Return only how many lines in the data include the string "Which".

--- INPUT MATERIAL ---
#####

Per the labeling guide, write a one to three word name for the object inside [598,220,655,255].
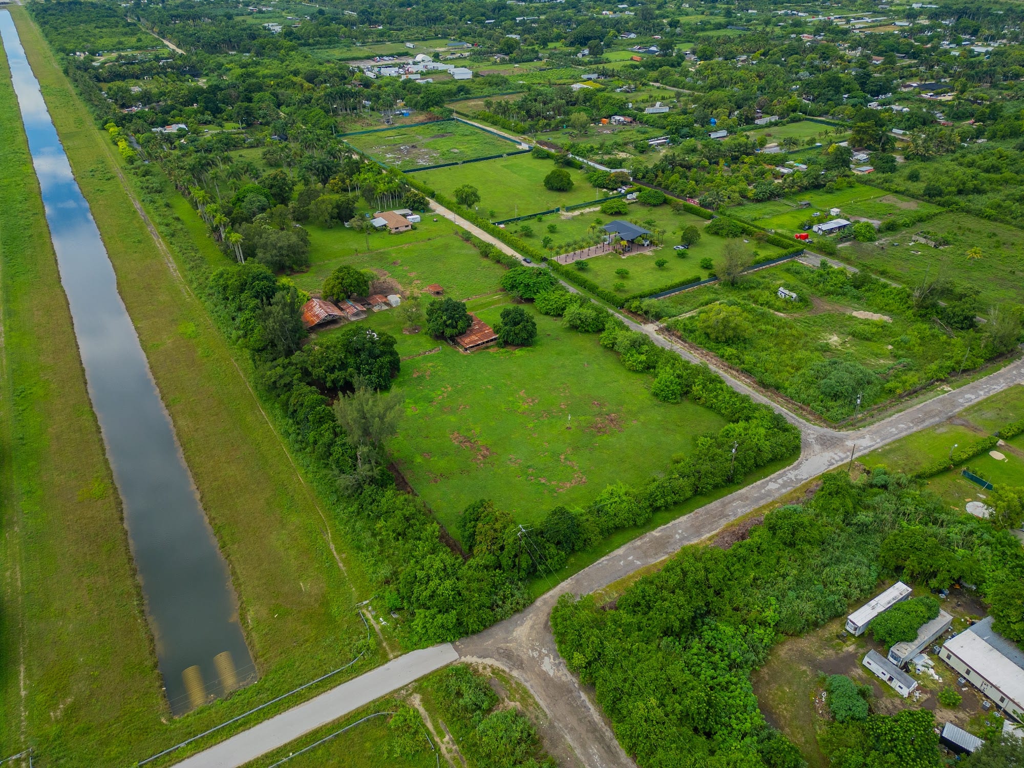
building
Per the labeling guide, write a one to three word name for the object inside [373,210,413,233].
house
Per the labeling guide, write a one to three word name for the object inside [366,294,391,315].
shed
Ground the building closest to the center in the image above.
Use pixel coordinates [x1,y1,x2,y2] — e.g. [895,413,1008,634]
[441,311,500,356]
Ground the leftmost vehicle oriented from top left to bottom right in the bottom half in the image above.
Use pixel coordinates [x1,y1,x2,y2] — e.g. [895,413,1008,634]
[864,646,919,702]
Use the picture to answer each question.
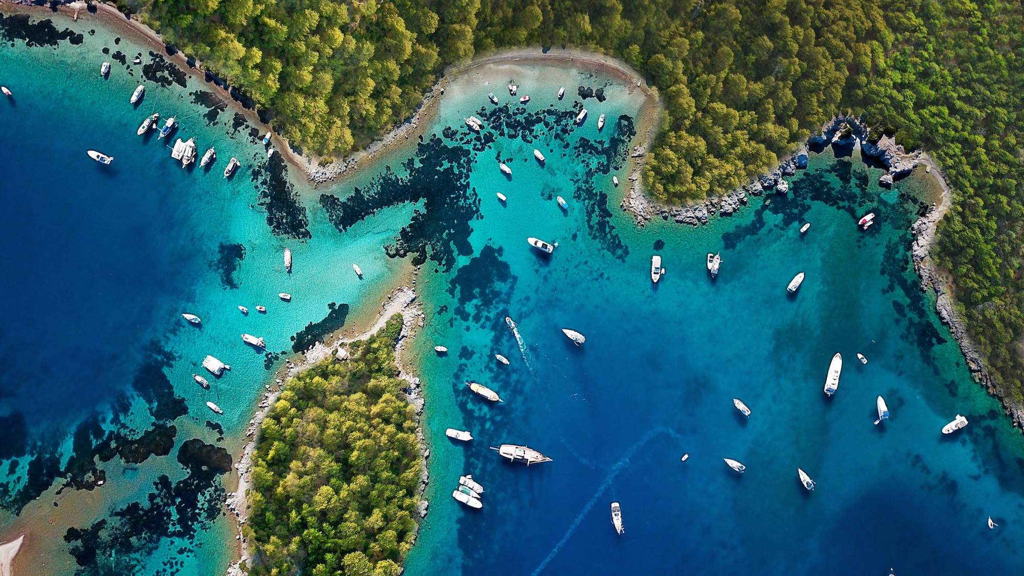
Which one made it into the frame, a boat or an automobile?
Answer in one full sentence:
Visible in the photo is a boat.
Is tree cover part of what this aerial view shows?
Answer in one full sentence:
Yes, the picture does contain tree cover.
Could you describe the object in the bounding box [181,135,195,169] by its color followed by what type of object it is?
white boat
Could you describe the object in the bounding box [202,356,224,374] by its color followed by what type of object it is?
white boat
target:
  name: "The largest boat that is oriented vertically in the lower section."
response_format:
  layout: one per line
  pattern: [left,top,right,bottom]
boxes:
[825,354,843,398]
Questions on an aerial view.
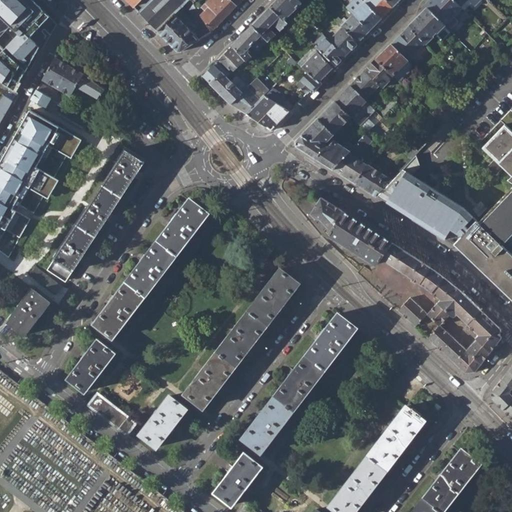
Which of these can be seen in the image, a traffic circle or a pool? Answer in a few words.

#####

--- EXPECTED OUTPUT ---
2